Our Lord and Savior Jesus Christ came to heal all of fallen humanity, yet only a small number received Him in faith and thanksgiving "to give glory to God". Our prayer attitude should always be one of thanksgiving and gratitude as Orthodox Christian believers. Saint John Chrysostomos taught to "always give thanks to God for all things."
According to Professor Joseph W. Hewitt, "Gratitude is not a simple or an early emotion. Child and savage alike are notoriously lacking in it. The Greek, of course, had come to feel both the duty of gratitude and the sin of ingratitude." Seneca gives the ingrate a very low place in the moral scale, ranking him below the homicide, the tyrant, the thief, the adulterer, and the traitor. Xenophon and Aristotle insist on the necessity of gratitude.
We, at Saint Andrew, must learn how very necessary it is to be thankful, to be appreciative, to be grateful first to the Almighty and merciful God, and then to our brothers and sisters in Christ.
Our parish has been blessed with many good, generous, loving, kind, and compassionate people. People who do not seek any thanks for all that they do and contribute to our church. Most of them want and do remain anonymous.
Why is it, however, that these good people of our church are treated by some others with contempt and suspicion? Where is the gratitude? Where is the respect? Where is the love? I can only think that they feel envy rather than gratitude. Envy and even shame that they are not willing to do the same. We can only feel pity for these people.

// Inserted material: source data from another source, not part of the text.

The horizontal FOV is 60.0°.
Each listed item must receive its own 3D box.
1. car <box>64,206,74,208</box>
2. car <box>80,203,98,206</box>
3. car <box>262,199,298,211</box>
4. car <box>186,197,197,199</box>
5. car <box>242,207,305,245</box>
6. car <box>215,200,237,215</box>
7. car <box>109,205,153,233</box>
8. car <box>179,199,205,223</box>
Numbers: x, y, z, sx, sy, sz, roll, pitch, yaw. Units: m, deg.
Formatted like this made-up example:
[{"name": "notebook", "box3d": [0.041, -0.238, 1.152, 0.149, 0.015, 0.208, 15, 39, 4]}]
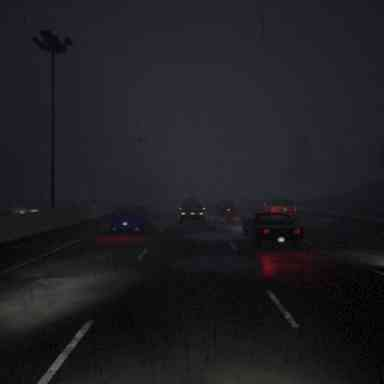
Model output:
[{"name": "car", "box3d": [-17.731, 1.507, 46.155, 2.128, 1.511, 4.902, 0, 0, 0]}, {"name": "car", "box3d": [-14.232, 1.615, 45.962, 1.895, 1.301, 4.718, 0, 0, 0]}, {"name": "car", "box3d": [7.015, 1.351, 27.172, 2.097, 1.767, 4.553, 0, 0, 0]}, {"name": "car", "box3d": [-0.034, 1.357, 41.951, 2.097, 1.767, 4.553, 0, 0, 0]}, {"name": "car", "box3d": [3.552, 1.601, 15.477, 1.895, 1.301, 4.718, 0, 0, 0]}, {"name": "car", "box3d": [3.494, 1.528, 33.979, 1.812, 1.442, 4.674, 0, 0, 0]}, {"name": "car", "box3d": [-3.461, 1.482, 19.591, 1.882, 1.535, 5.008, 0, 0, 0]}, {"name": "car", "box3d": [0.016, 1.548, 25.601, 2.033, 1.411, 5.357, 0, 0, 0]}]
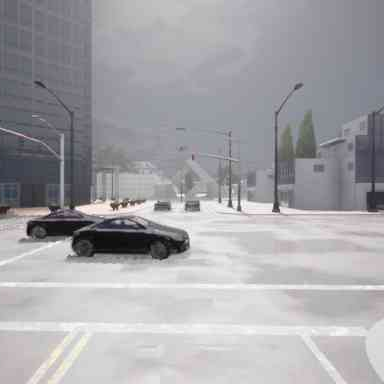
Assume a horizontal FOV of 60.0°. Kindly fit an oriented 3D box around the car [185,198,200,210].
[{"bbox_3d":[0.058,1.491,43.210,2.128,1.511,4.902,0,0,0],"label":"car"}]

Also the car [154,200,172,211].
[{"bbox_3d":[-3.615,1.601,41.553,1.895,1.301,4.718,0,0,0],"label":"car"}]

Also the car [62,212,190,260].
[{"bbox_3d":[-2.171,1.580,12.122,4.181,1.385,1.994,0,0,7],"label":"car"}]

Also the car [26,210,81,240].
[{"bbox_3d":[-6.143,1.600,16.973,4.181,1.385,1.994,0,0,-16],"label":"car"}]
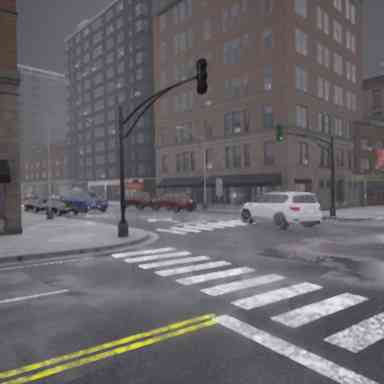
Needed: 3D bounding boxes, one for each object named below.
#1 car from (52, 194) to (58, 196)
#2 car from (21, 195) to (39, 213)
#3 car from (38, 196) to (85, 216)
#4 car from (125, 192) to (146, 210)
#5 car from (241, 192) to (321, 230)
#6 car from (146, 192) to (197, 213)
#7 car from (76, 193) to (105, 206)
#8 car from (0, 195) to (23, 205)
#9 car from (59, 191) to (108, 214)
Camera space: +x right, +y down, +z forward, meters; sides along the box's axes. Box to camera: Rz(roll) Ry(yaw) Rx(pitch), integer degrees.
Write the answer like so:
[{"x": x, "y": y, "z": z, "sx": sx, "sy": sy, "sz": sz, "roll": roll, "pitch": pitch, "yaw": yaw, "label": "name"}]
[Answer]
[{"x": -20.946, "y": 1.036, "z": 51.442, "sx": 1.802, "sy": 1.307, "sz": 4.206, "roll": -1, "pitch": 1, "yaw": -44, "label": "car"}, {"x": -15.533, "y": 1.322, "z": 33.648, "sx": 1.947, "sy": 1.339, "sz": 4.313, "roll": -1, "pitch": 1, "yaw": -44, "label": "car"}, {"x": -11.694, "y": 1.358, "z": 29.700, "sx": 1.947, "sy": 1.339, "sz": 4.313, "roll": -1, "pitch": 1, "yaw": -44, "label": "car"}, {"x": -5.588, "y": 0.917, "z": 35.643, "sx": 2.192, "sy": 1.841, "sz": 5.009, "roll": -1, "pitch": 1, "yaw": -44, "label": "car"}, {"x": 5.101, "y": 1.015, "z": 19.864, "sx": 2.150, "sy": 2.045, "sz": 5.566, "roll": 0, "pitch": 1, "yaw": -24, "label": "car"}, {"x": -1.749, "y": 0.952, "z": 31.695, "sx": 2.192, "sy": 1.841, "sz": 5.009, "roll": -1, "pitch": 1, "yaw": -44, "label": "car"}, {"x": -13.267, "y": 0.970, "z": 43.542, "sx": 1.967, "sy": 1.590, "sz": 4.097, "roll": -1, "pitch": 1, "yaw": -44, "label": "car"}, {"x": -26.941, "y": 1.163, "z": 49.448, "sx": 1.895, "sy": 1.301, "sz": 4.718, "roll": -2, "pitch": 2, "yaw": -44, "label": "car"}, {"x": -10.382, "y": 0.946, "z": 32.287, "sx": 2.150, "sy": 2.045, "sz": 5.566, "roll": -2, "pitch": 2, "yaw": -44, "label": "car"}]
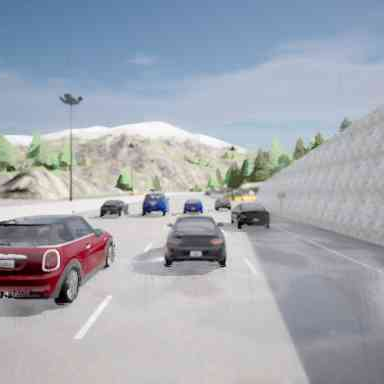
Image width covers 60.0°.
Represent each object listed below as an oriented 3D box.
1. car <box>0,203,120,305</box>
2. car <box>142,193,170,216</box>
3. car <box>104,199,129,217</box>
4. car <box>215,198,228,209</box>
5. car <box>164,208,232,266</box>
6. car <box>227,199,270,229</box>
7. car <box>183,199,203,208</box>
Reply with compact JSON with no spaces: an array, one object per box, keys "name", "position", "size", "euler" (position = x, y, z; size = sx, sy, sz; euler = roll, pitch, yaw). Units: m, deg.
[{"name":"car","position":[-3.394,1.330,8.223],"size":[2.097,1.767,4.553],"euler":[0,0,0]},{"name":"car","position":[-3.379,1.139,31.601],"size":[2.150,2.045,5.566],"euler":[0,0,0]},{"name":"car","position":[-6.880,1.427,29.878],"size":[1.837,1.490,4.892],"euler":[0,0,0]},{"name":"car","position":[3.699,1.445,39.590],"size":[2.033,1.411,5.357],"euler":[0,0,2]},{"name":"car","position":[0.107,1.496,11.250],"size":[1.812,1.442,4.674],"euler":[0,0,0]},{"name":"car","position":[3.614,1.422,21.255],"size":[1.882,1.535,5.008],"euler":[0,0,0]},{"name":"car","position":[0.123,1.391,33.318],"size":[1.882,1.535,5.008],"euler":[0,0,0]}]
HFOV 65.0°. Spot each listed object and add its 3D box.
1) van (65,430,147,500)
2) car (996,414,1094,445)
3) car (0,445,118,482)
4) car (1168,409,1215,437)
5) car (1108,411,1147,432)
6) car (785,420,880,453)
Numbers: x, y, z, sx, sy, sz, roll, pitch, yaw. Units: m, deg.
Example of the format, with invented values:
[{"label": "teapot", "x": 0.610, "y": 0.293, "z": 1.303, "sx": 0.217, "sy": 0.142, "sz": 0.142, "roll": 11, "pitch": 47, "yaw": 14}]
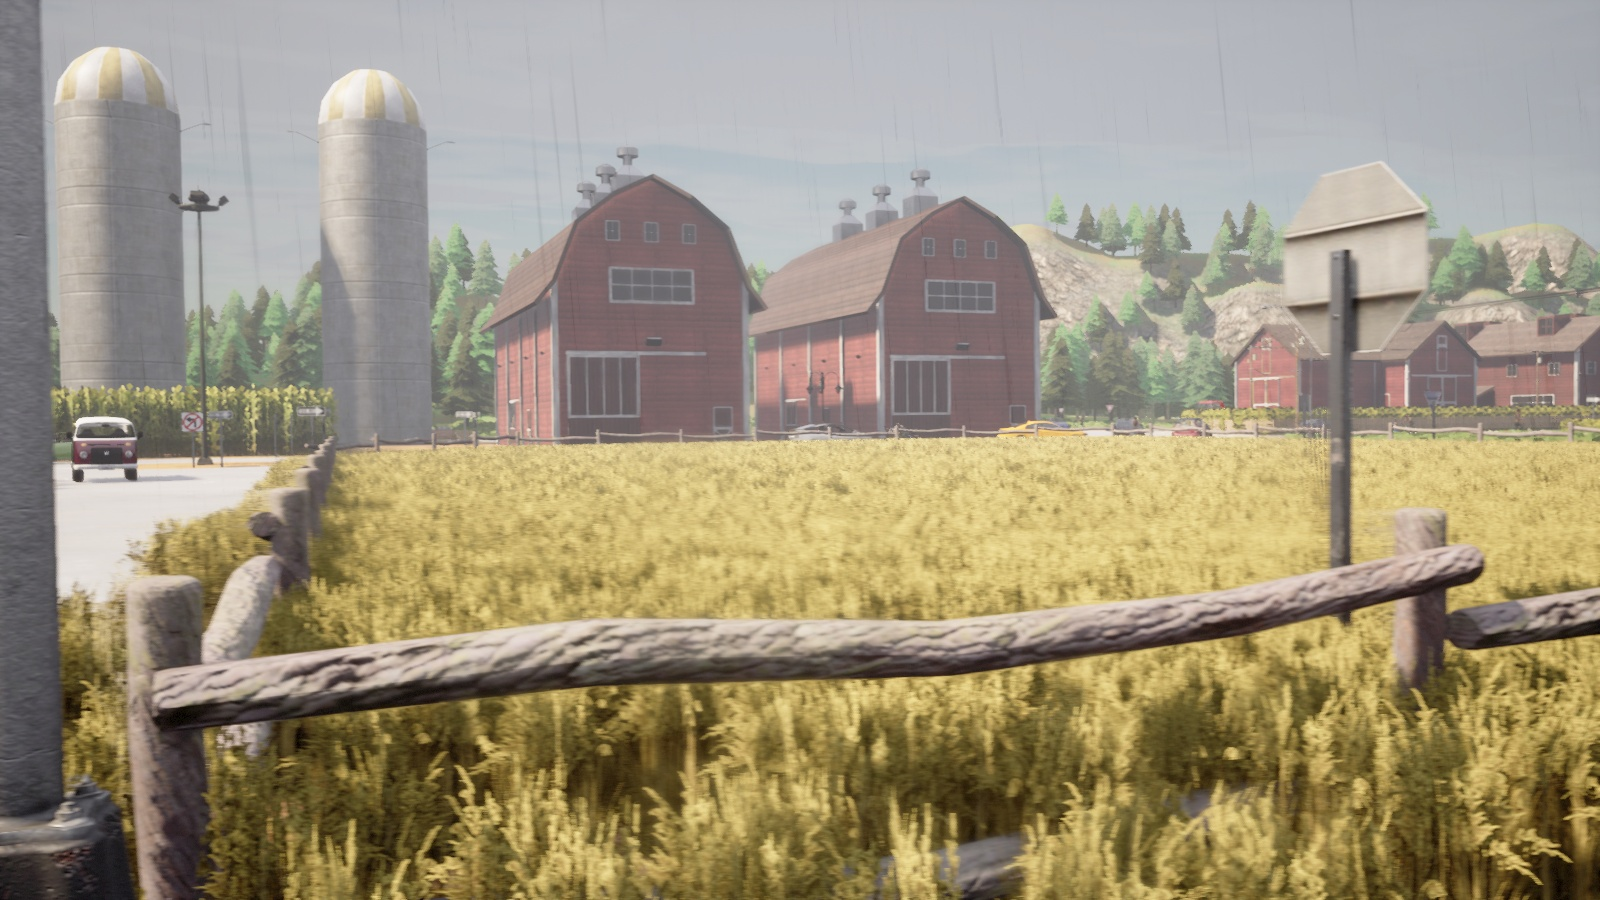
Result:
[{"label": "van", "x": -22.148, "y": 0.441, "z": 40.003, "sx": 2.069, "sy": 2.038, "sz": 4.480, "roll": -2, "pitch": 1, "yaw": -31}, {"label": "car", "x": 13.588, "y": -1.164, "z": 69.769, "sx": 5.008, "sy": 1.535, "sz": 1.882, "roll": -2, "pitch": 1, "yaw": -4}, {"label": "car", "x": -35.201, "y": 0.620, "z": 59.581, "sx": 2.007, "sy": 1.525, "sz": 4.514, "roll": -1, "pitch": 2, "yaw": 33}, {"label": "car", "x": 23.056, "y": -1.591, "z": 73.907, "sx": 1.789, "sy": 1.549, "sz": 3.705, "roll": -1, "pitch": 2, "yaw": 31}, {"label": "car", "x": 24.234, "y": -2.135, "z": 93.098, "sx": 2.163, "sy": 1.488, "sz": 4.792, "roll": -2, "pitch": 2, "yaw": 7}, {"label": "car", "x": 1.682, "y": -0.718, "z": 65.888, "sx": 4.514, "sy": 1.525, "sz": 2.007, "roll": -3, "pitch": 2, "yaw": -24}]
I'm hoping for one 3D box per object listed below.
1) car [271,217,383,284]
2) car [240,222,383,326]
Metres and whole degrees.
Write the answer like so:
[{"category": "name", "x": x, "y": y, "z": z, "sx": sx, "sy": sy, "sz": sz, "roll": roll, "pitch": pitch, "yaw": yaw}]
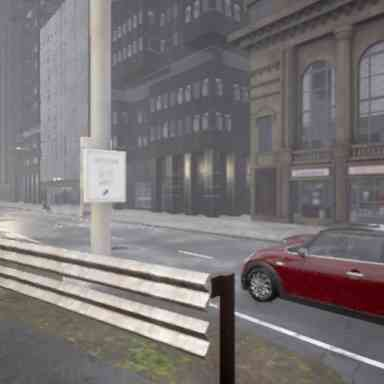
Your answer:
[{"category": "car", "x": 4.891, "y": 1.644, "z": 10.009, "sx": 1.812, "sy": 1.442, "sz": 4.674, "roll": 0, "pitch": 0, "yaw": -41}, {"category": "car", "x": 3.147, "y": 1.463, "z": 6.696, "sx": 2.097, "sy": 1.767, "sz": 4.553, "roll": 0, "pitch": -1, "yaw": -41}]

Feel free to show your gratitude to your fellow parishioners who work so hard and give so much to our parish. Thank the donors, the Sunday School Coordinators, the members of the Parish Council, the Custodian, our Chanters, the heads and members of the Parish Ministries, the Chairman of the Festival and the Committee members, the Church Secretary, and all the people who constantly express their kinds and love to our church. Don't be unkind or ungrateful! An ingrate is a miserable person.
Remember the Divine words of Our Savior, "Where are the Nine?"